- [The problem]
Whenever "object" appears in a line, please copy that line from the data.

- [Supplied information]
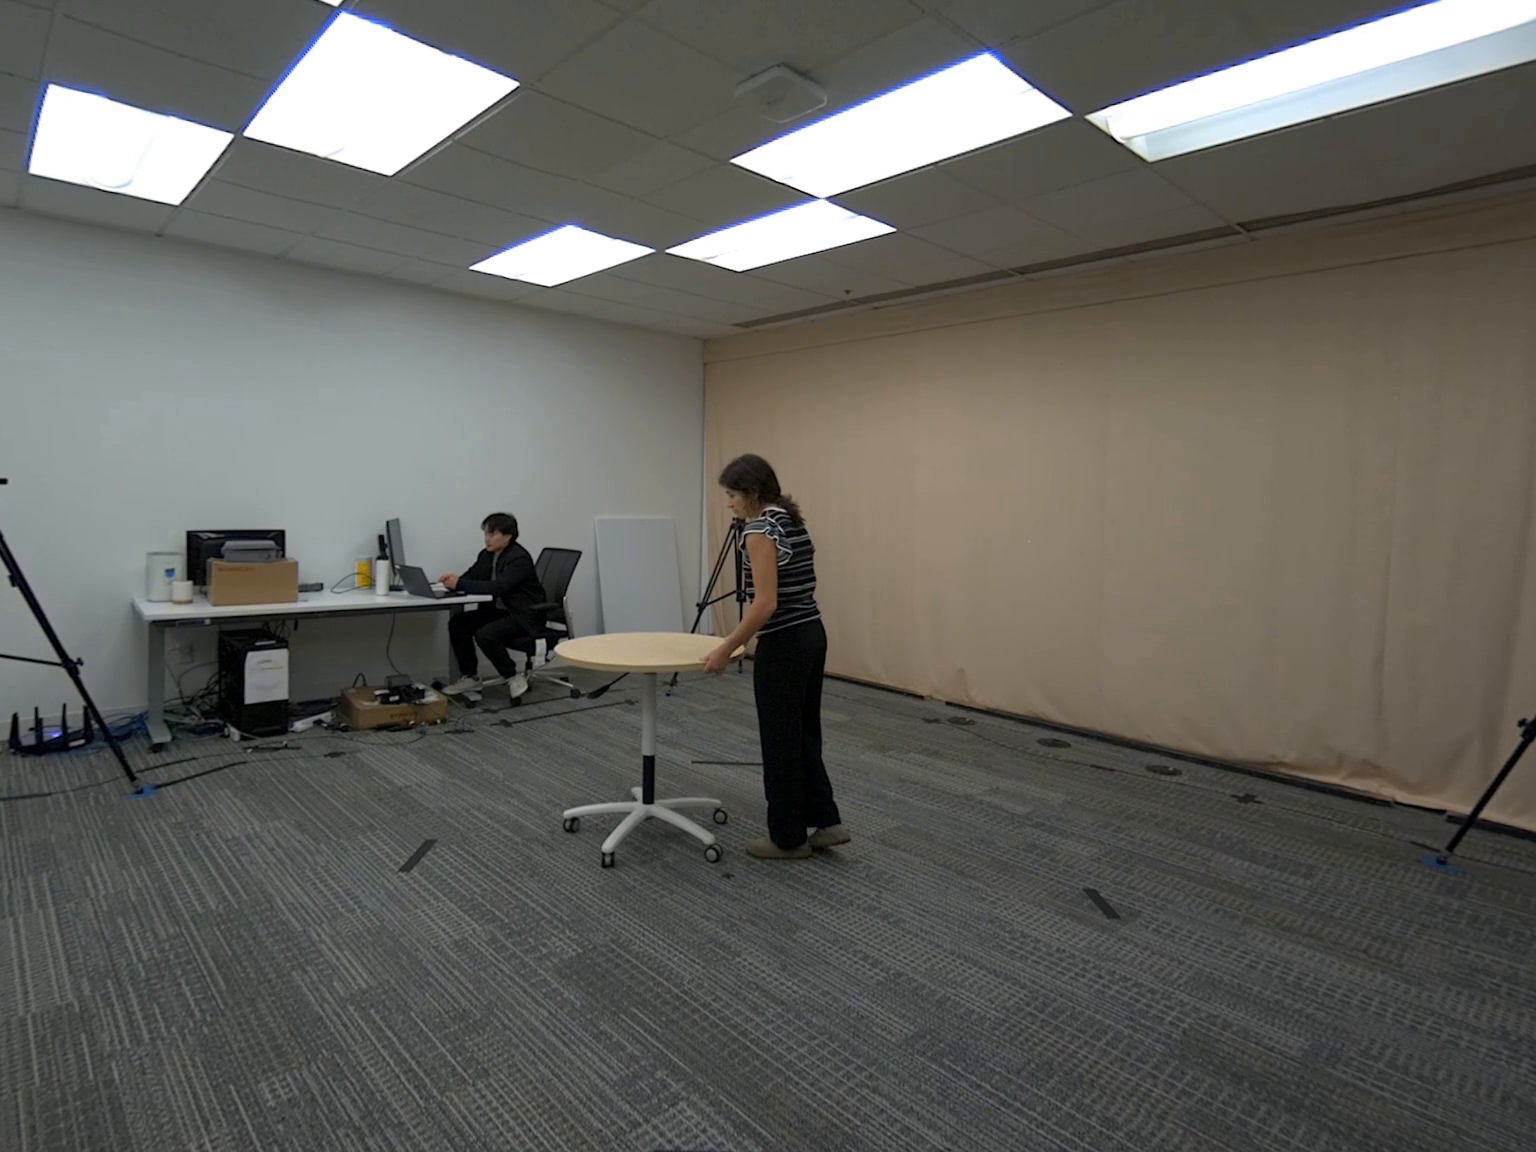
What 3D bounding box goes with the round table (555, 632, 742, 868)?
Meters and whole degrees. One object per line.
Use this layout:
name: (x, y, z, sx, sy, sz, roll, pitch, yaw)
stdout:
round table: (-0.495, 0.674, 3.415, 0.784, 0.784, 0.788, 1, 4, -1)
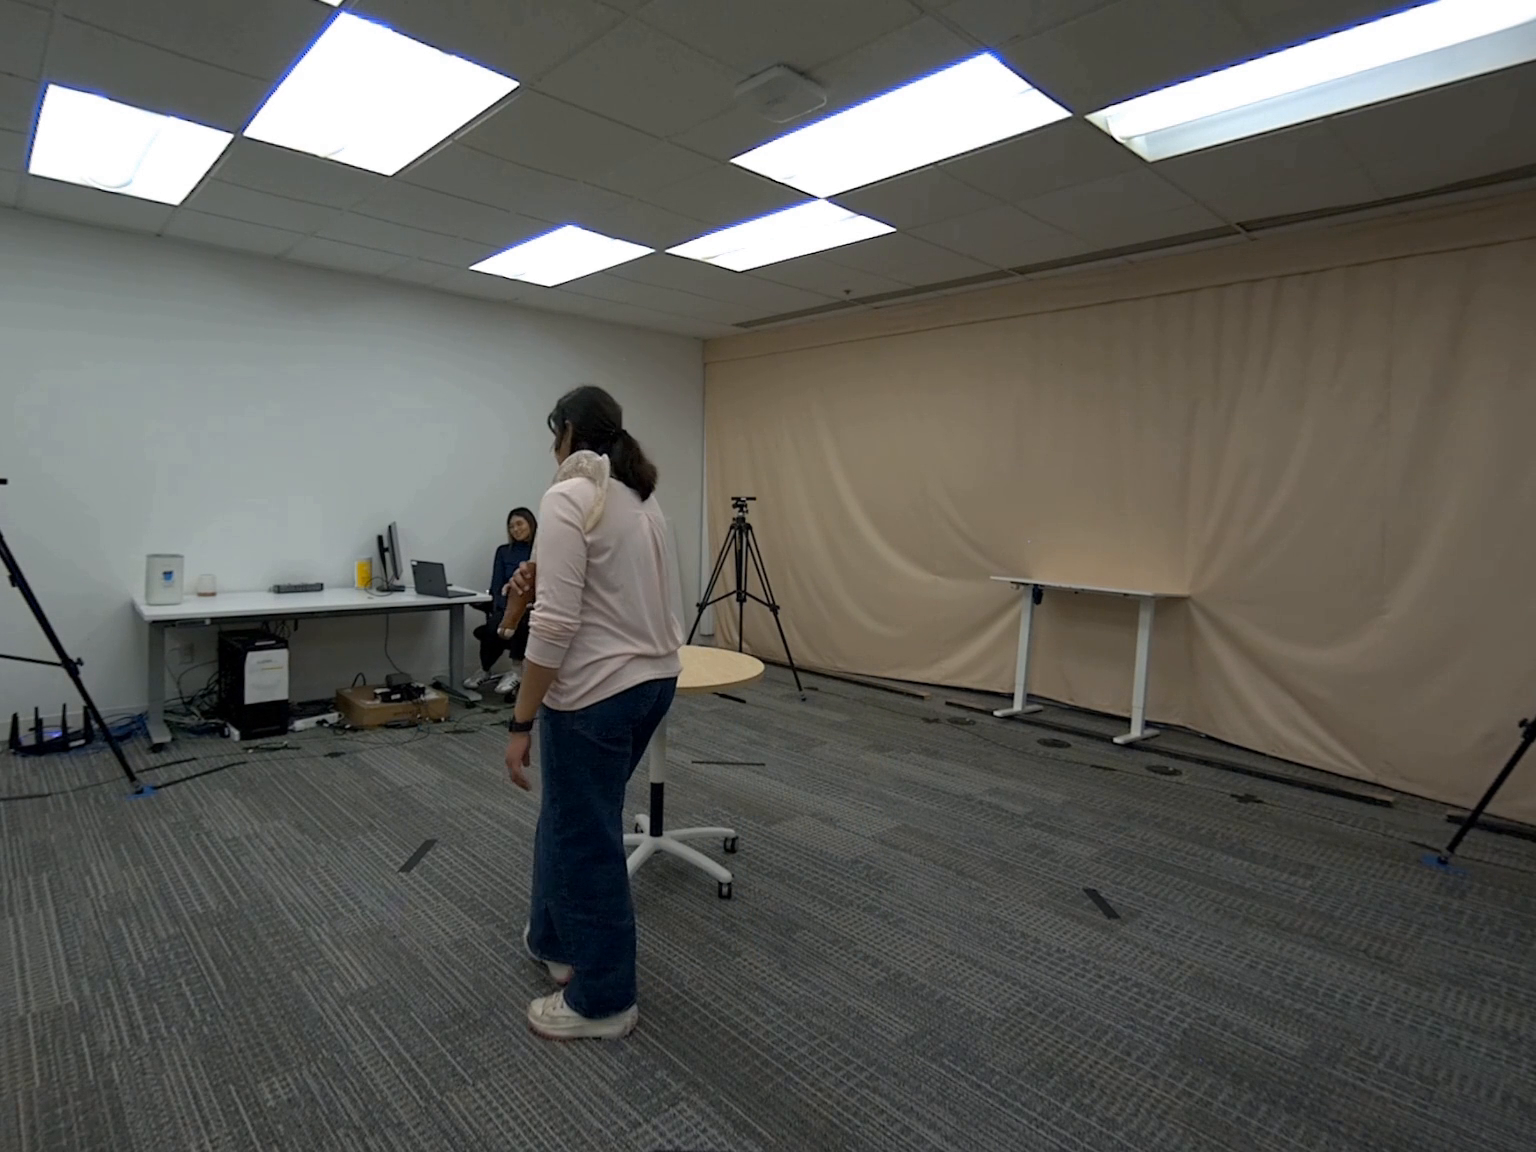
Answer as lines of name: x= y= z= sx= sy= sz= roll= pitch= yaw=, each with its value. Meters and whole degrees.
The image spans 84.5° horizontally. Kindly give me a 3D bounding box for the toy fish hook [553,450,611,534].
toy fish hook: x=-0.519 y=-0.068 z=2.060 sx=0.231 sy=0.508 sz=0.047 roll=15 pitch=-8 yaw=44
* * *
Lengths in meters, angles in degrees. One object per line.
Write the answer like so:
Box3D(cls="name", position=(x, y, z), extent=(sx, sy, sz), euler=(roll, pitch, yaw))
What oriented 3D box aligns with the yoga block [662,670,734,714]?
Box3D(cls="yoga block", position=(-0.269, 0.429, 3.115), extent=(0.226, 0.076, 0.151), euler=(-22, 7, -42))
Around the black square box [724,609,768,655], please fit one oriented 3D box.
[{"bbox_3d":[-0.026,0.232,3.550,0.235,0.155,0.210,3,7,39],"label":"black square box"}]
...
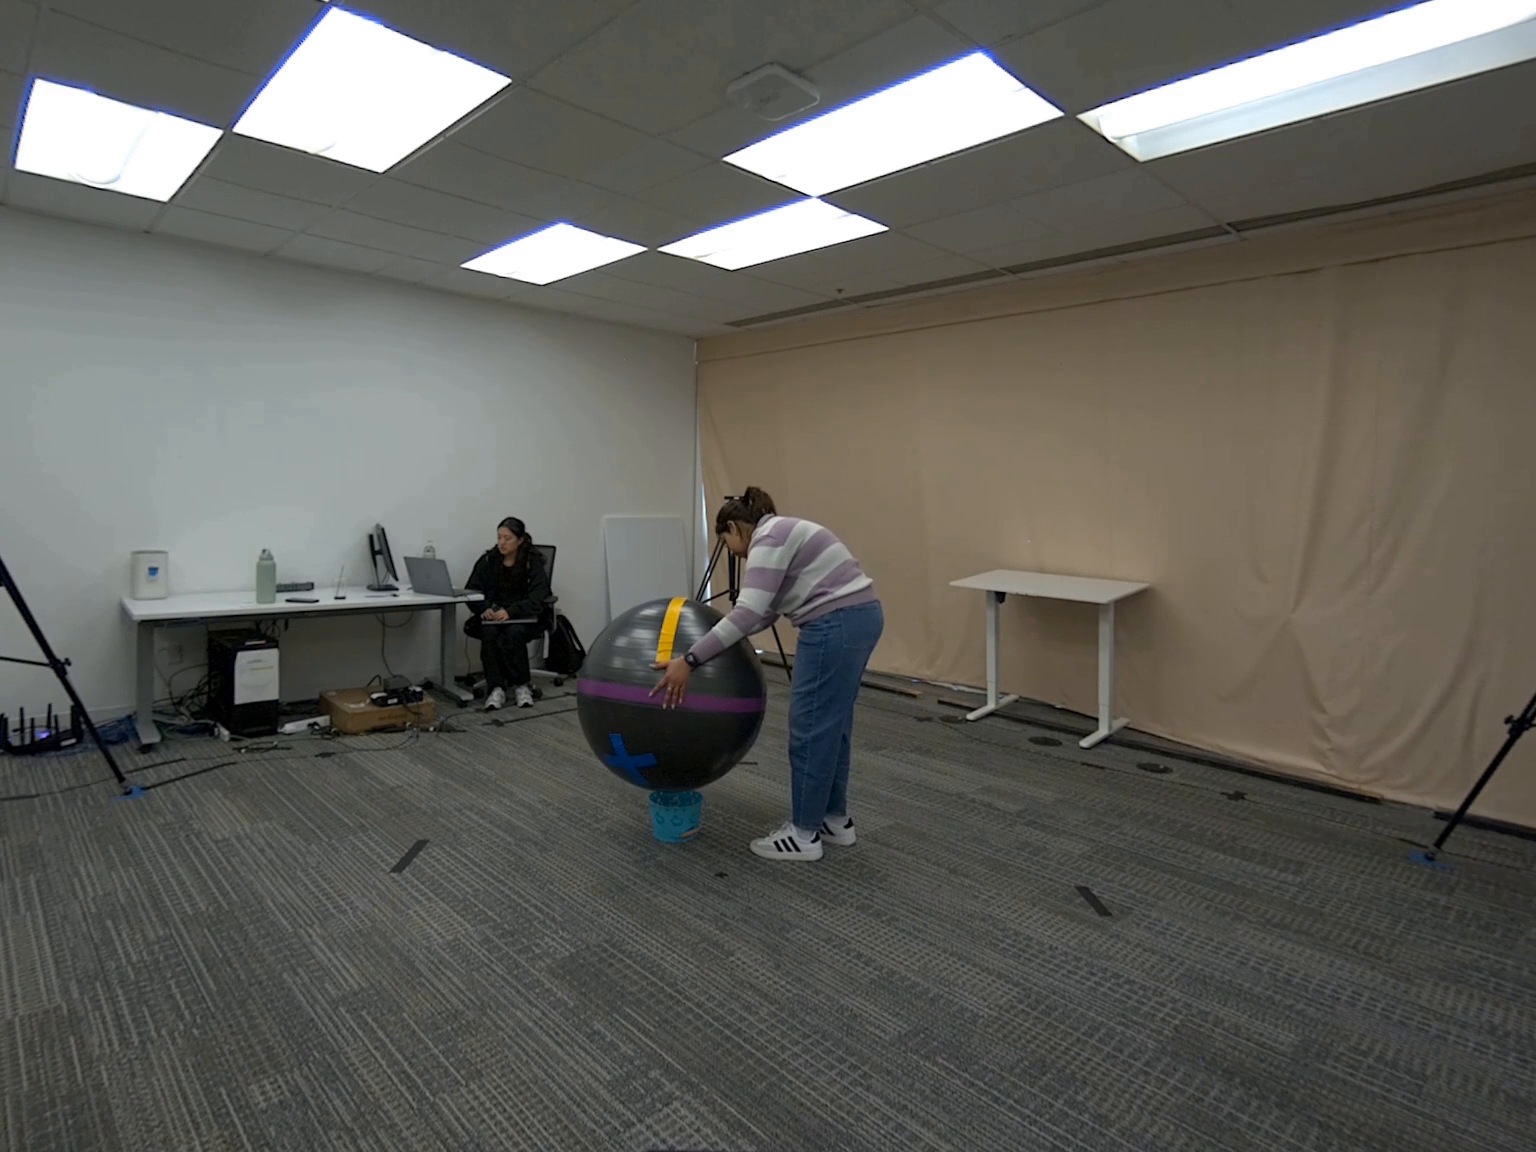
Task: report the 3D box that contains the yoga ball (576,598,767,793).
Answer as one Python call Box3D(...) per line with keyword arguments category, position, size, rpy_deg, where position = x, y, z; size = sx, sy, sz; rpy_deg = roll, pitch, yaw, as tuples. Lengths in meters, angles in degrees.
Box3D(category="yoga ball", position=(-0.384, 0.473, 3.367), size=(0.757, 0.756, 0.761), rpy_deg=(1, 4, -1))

- [Solution for this problem]
Meters and whole degrees. One object per line.
Lengths in meters, angles in degrees. One object per line.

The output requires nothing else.